GOAL OF THE EXERCISE: Starting at the line that holds "Write a very short answer. 2-3." and stopping at the line that holds "Answer briefly. 9-19.", restate the records below word for word, with both of those lines included.

DATA PROVIDED:

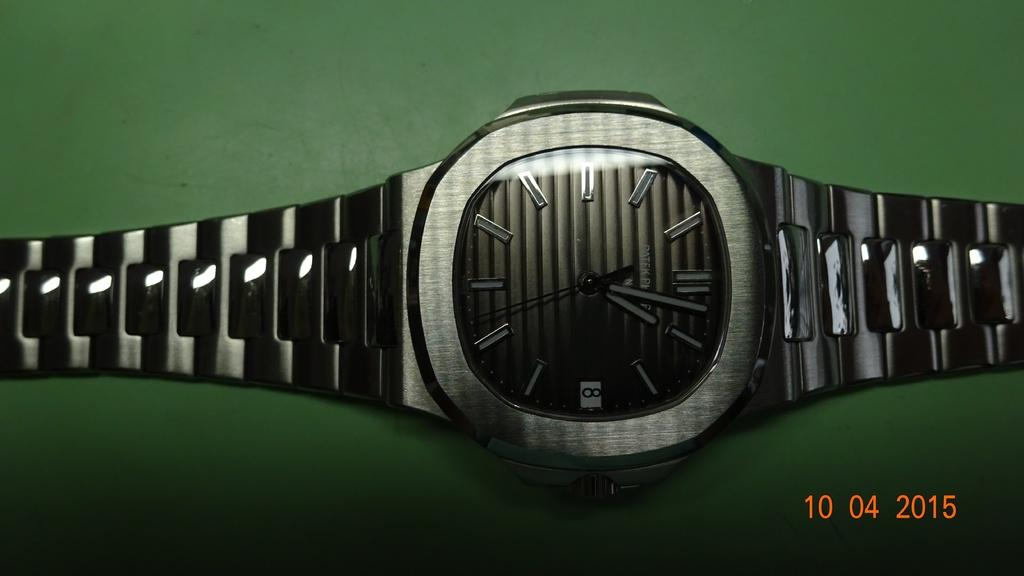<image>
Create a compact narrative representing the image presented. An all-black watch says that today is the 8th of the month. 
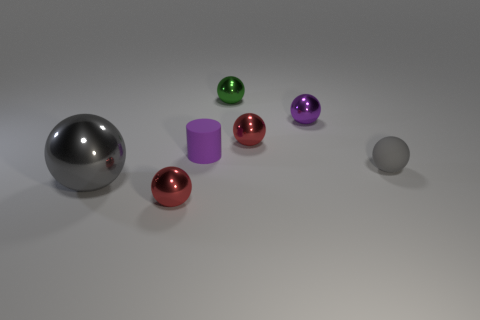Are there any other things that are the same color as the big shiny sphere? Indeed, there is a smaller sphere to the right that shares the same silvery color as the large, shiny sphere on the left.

---

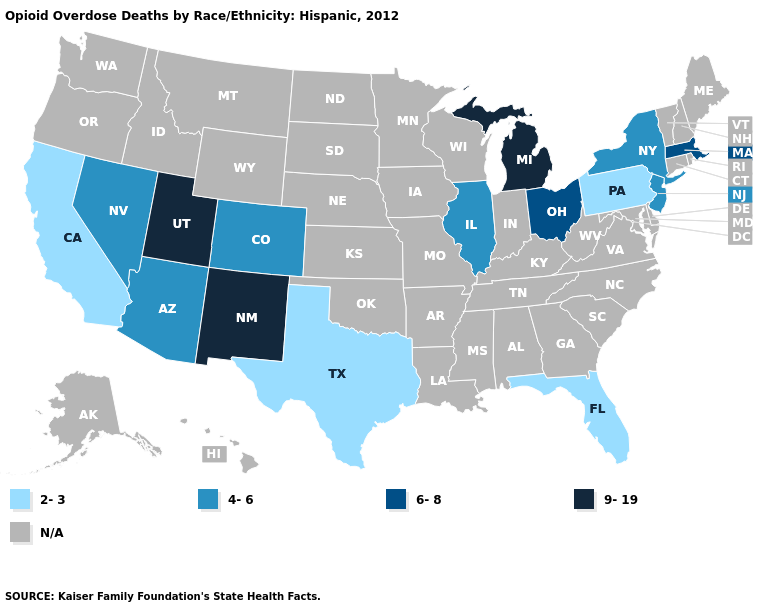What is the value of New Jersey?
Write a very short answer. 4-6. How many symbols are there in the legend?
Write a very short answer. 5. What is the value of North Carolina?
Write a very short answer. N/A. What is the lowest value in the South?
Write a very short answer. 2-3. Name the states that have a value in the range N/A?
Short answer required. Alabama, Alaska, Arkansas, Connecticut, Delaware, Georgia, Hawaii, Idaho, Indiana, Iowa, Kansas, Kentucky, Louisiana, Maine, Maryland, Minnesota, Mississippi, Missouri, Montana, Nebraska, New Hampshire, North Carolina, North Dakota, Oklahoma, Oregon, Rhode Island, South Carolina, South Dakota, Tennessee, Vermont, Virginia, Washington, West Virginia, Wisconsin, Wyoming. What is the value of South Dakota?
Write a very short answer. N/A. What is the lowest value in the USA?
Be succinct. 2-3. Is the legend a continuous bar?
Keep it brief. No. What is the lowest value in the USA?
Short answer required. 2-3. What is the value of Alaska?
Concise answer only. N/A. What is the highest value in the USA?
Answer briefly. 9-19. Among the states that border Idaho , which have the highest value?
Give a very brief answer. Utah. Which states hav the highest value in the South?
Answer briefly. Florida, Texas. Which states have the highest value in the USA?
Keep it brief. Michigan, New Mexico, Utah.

EXPECTED ANSWER:
Write a very short answer. 2-3. Name the states that have a value in the range N/A?
Short answer required. Alabama, Alaska, Arkansas, Connecticut, Delaware, Georgia, Hawaii, Idaho, Indiana, Iowa, Kansas, Kentucky, Louisiana, Maine, Maryland, Minnesota, Mississippi, Missouri, Montana, Nebraska, New Hampshire, North Carolina, North Dakota, Oklahoma, Oregon, Rhode Island, South Carolina, South Dakota, Tennessee, Vermont, Virginia, Washington, West Virginia, Wisconsin, Wyoming. What is the value of South Dakota?
Write a very short answer. N/A. What is the lowest value in the USA?
Be succinct. 2-3. Is the legend a continuous bar?
Keep it brief. No. What is the lowest value in the USA?
Short answer required. 2-3. What is the value of Alaska?
Concise answer only. N/A. What is the highest value in the USA?
Answer briefly. 9-19. Among the states that border Idaho , which have the highest value?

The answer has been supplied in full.